Debbie had gotten both the clit piercing and the eagle from a tattoo artist who worked with the New York chapter of the Hell’s Angels. The tattoo guy hooked Debbie up with the Angels, who once let her do a hairstyle photo shoot in their clubhouse in the Village. She gave the Angels free haircare products in exchange for the photo shoot. The Angels, she said, liked haircare products. The Angels, Debbie said, thought a lot about their image.
“It’s not like before,” she said. “They have a guy who does their marketing and social media. They do charity work. They’re very media-savvy.”

**

I do not tell the writer who writes to me for hair advice that I cut my hair so short because I felt overwhelmed and had just turned 53 and Prevention Magazine said a pixie cut was just like a facelift and guaranteed to make a person look less tired.

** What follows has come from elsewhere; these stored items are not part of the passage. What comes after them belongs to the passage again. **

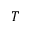<formula> <loc_0><loc_0><loc_500><loc_500>T</formula> 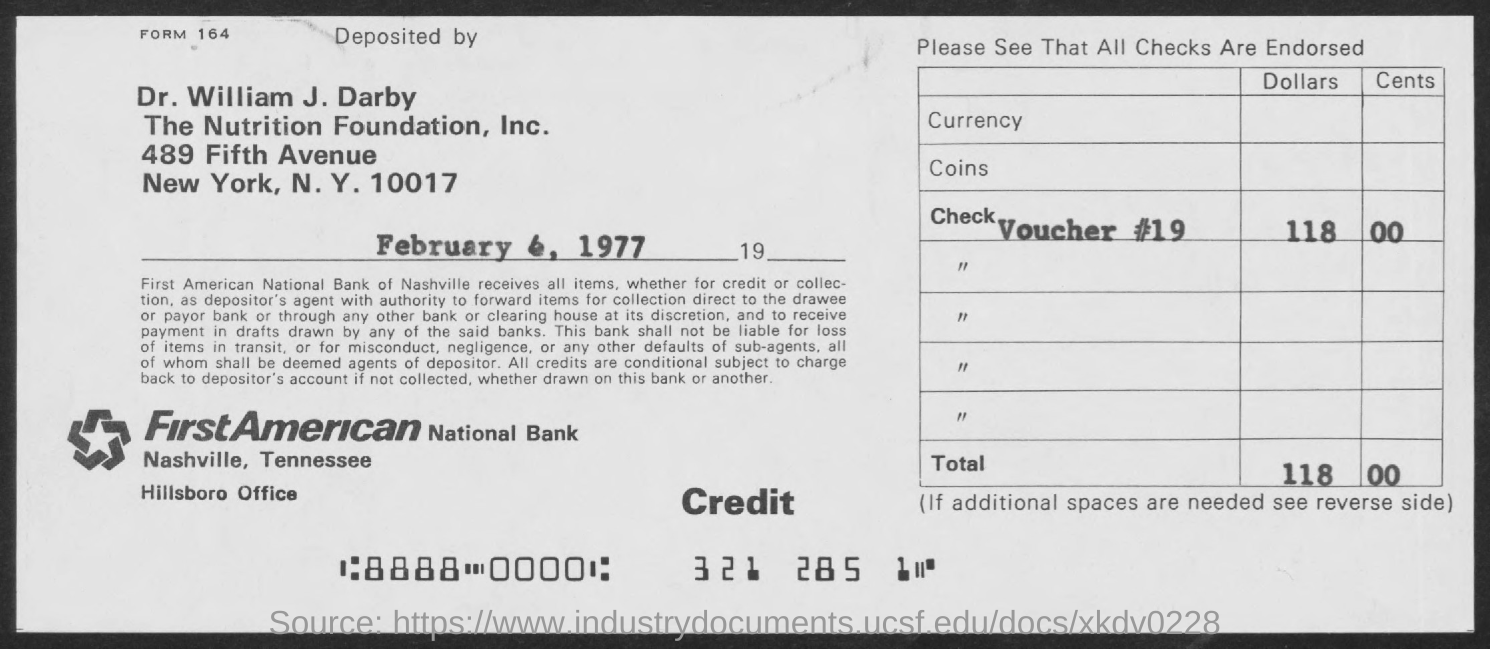Give some essential details in this illustration. The address of the First American National Bank in Nashville, Tennessee is the Hillsboro Office. The First American National Bank is the name of the bank. 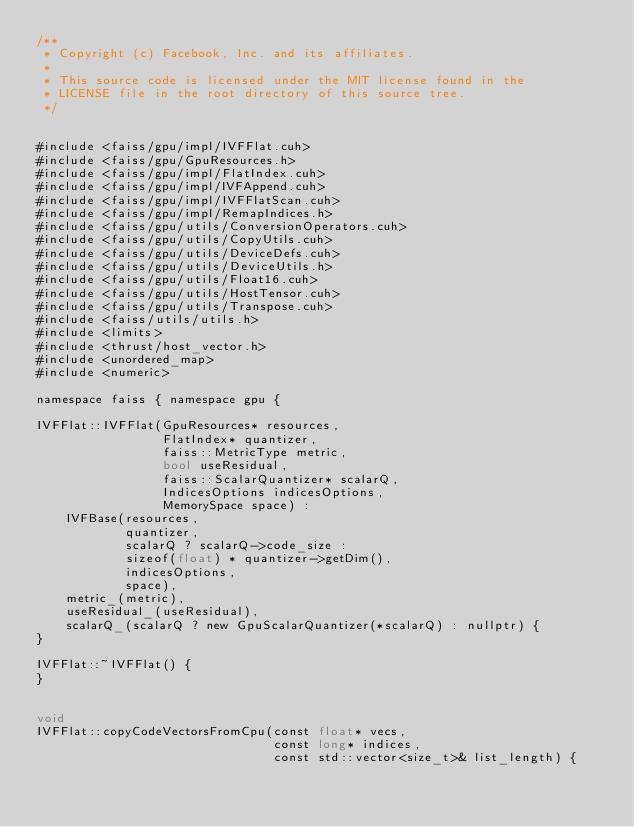Convert code to text. <code><loc_0><loc_0><loc_500><loc_500><_Cuda_>/**
 * Copyright (c) Facebook, Inc. and its affiliates.
 *
 * This source code is licensed under the MIT license found in the
 * LICENSE file in the root directory of this source tree.
 */


#include <faiss/gpu/impl/IVFFlat.cuh>
#include <faiss/gpu/GpuResources.h>
#include <faiss/gpu/impl/FlatIndex.cuh>
#include <faiss/gpu/impl/IVFAppend.cuh>
#include <faiss/gpu/impl/IVFFlatScan.cuh>
#include <faiss/gpu/impl/RemapIndices.h>
#include <faiss/gpu/utils/ConversionOperators.cuh>
#include <faiss/gpu/utils/CopyUtils.cuh>
#include <faiss/gpu/utils/DeviceDefs.cuh>
#include <faiss/gpu/utils/DeviceUtils.h>
#include <faiss/gpu/utils/Float16.cuh>
#include <faiss/gpu/utils/HostTensor.cuh>
#include <faiss/gpu/utils/Transpose.cuh>
#include <faiss/utils/utils.h>
#include <limits>
#include <thrust/host_vector.h>
#include <unordered_map>
#include <numeric>

namespace faiss { namespace gpu {

IVFFlat::IVFFlat(GpuResources* resources,
                 FlatIndex* quantizer,
                 faiss::MetricType metric,
                 bool useResidual,
                 faiss::ScalarQuantizer* scalarQ,
                 IndicesOptions indicesOptions,
                 MemorySpace space) :
    IVFBase(resources,
            quantizer,
            scalarQ ? scalarQ->code_size :
            sizeof(float) * quantizer->getDim(),
            indicesOptions,
            space),
    metric_(metric),
    useResidual_(useResidual),
    scalarQ_(scalarQ ? new GpuScalarQuantizer(*scalarQ) : nullptr) {
}

IVFFlat::~IVFFlat() {
}


void
IVFFlat::copyCodeVectorsFromCpu(const float* vecs,
                                const long* indices,
                                const std::vector<size_t>& list_length) {</code> 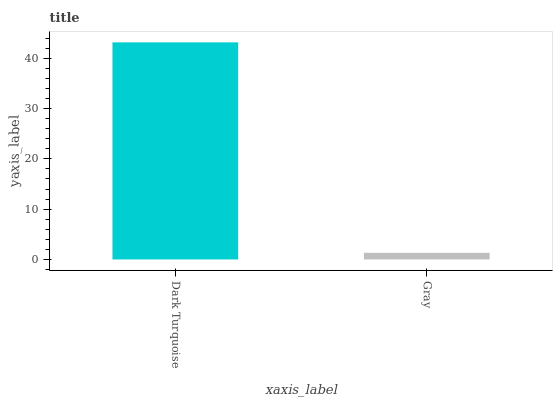Is Gray the minimum?
Answer yes or no. Yes. Is Dark Turquoise the maximum?
Answer yes or no. Yes. Is Gray the maximum?
Answer yes or no. No. Is Dark Turquoise greater than Gray?
Answer yes or no. Yes. Is Gray less than Dark Turquoise?
Answer yes or no. Yes. Is Gray greater than Dark Turquoise?
Answer yes or no. No. Is Dark Turquoise less than Gray?
Answer yes or no. No. Is Dark Turquoise the high median?
Answer yes or no. Yes. Is Gray the low median?
Answer yes or no. Yes. Is Gray the high median?
Answer yes or no. No. Is Dark Turquoise the low median?
Answer yes or no. No. 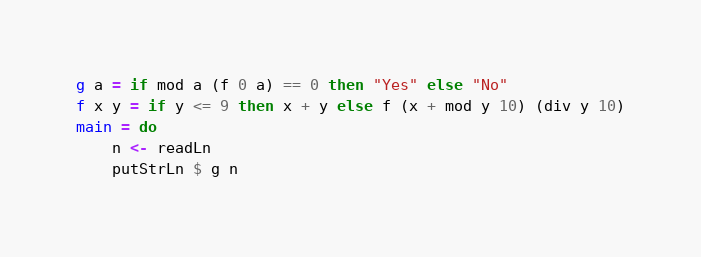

“A boost for the spirits and cheekbones,” Prevention Magazine said.
This has nothing to do with writing. It has to do with bills and work and leaky bathtubs, everything that’s not about writing.

**
New York is filled with awful and beautiful people, Debbie would say.
Debbie used to do my hair for free. I’d be her hair model. We had a deal – she could do whatever she wanted and I wouldn’t complain and I wouldn’t ever have to pony up money.
A haircut at Vidal Sassoon in New York in the 1990s was well over $100. A blow-out was nearly that much.
I often bought groceries with my credit card and got cash advances to help cover my rent.
“Fake it until you make it,” Debbie said as she globbed bleach on my hair.
“Everybody needs a gimmick,” Debbie said as she took a razor to my bangs.